Unpolarized light is shown through two polarizing filters that are at 90 degrees. What fraction of light will pass through both filters?
To determine the fraction of light that will pass through two polarizing filters that are at a 90 degree angle, we need to consider the properties of polarized light and Malus's law.
Polarized light refers to light waves that vibrate in a specific direction, instead of vibrating in all directions randomly. A polarizing filter is a material that transmits light waves vibrating in a specific direction and blocks or absorbs light waves vibrating in other directions.
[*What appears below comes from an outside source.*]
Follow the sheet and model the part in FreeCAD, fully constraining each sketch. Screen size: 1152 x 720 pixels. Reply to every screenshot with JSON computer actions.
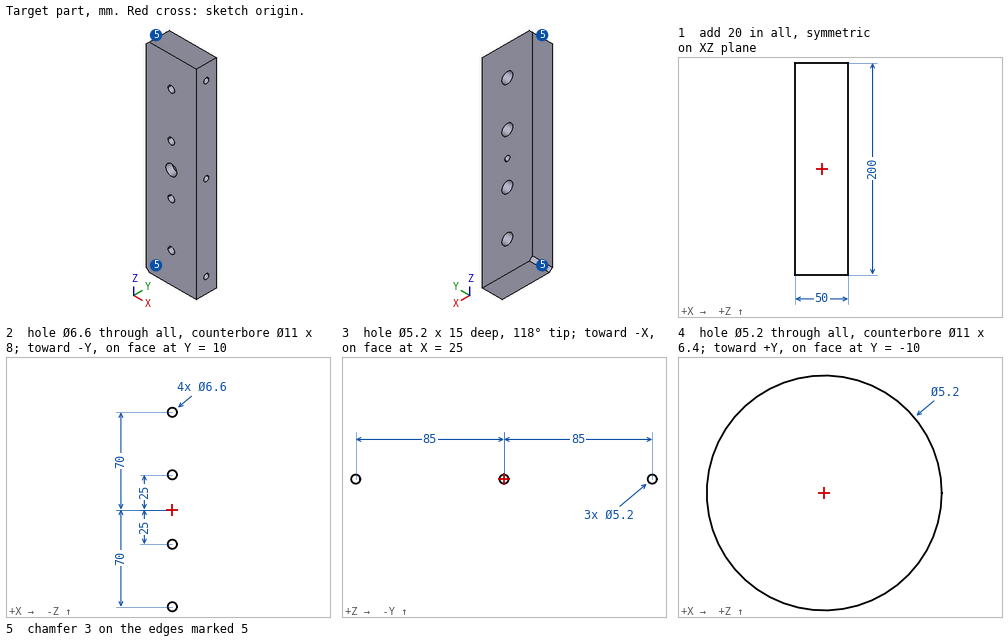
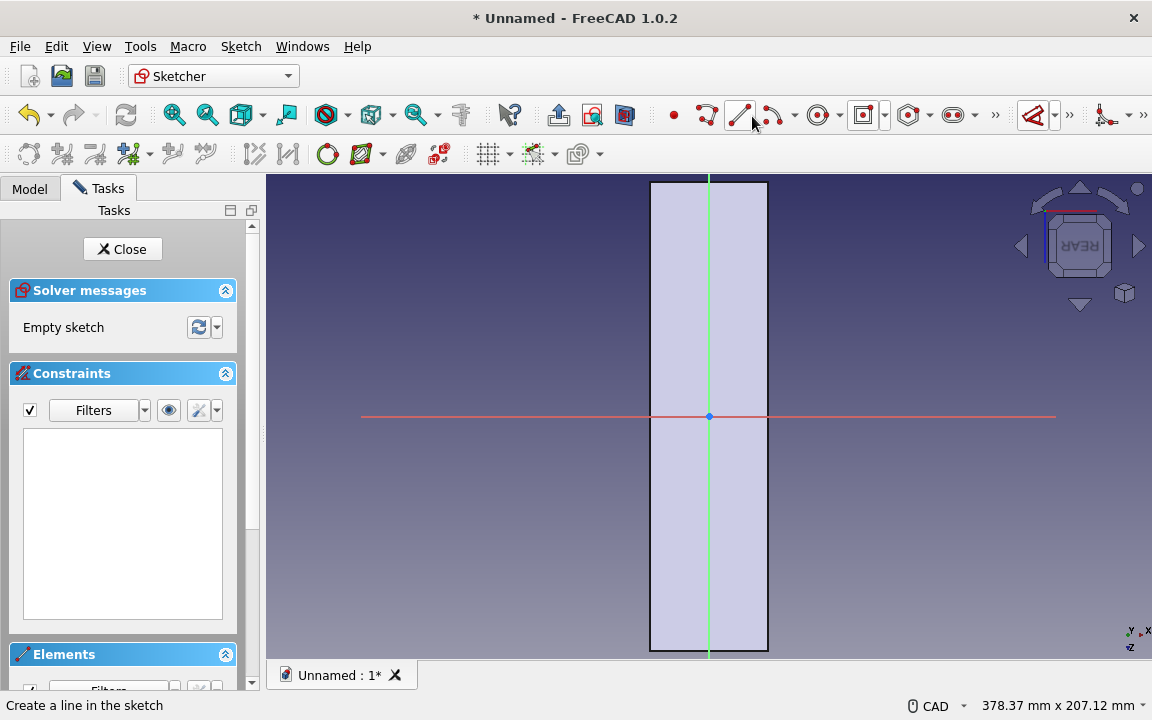
{"action": "left_click", "coordinate": [818, 116]}

When unpolarized light passes through the first polarizing filter, it becomes polarized in the direction of the filter's transmission axis. However, when this polarized light passes through a second polarizing filter, the filter's transmission axis is perpendicular (at 90 degrees) to the polarization of the light, resulting in obstruction of most of the light.
According to Malus's law, the intensity (brightness) of the light that passes through the second filter is proportional to the cosine squared of the angle θ between the transmission axes of the two filters.
In this case, the angle between the transmission axes of the two filters is 90 degrees, so θ = 90 degrees. The cosine of 90 degrees is 0, so the intensity of the light that passes through the second filter is zero.
Therefore, no light will pass through both filters. The fraction of light that passes through both filters is 0.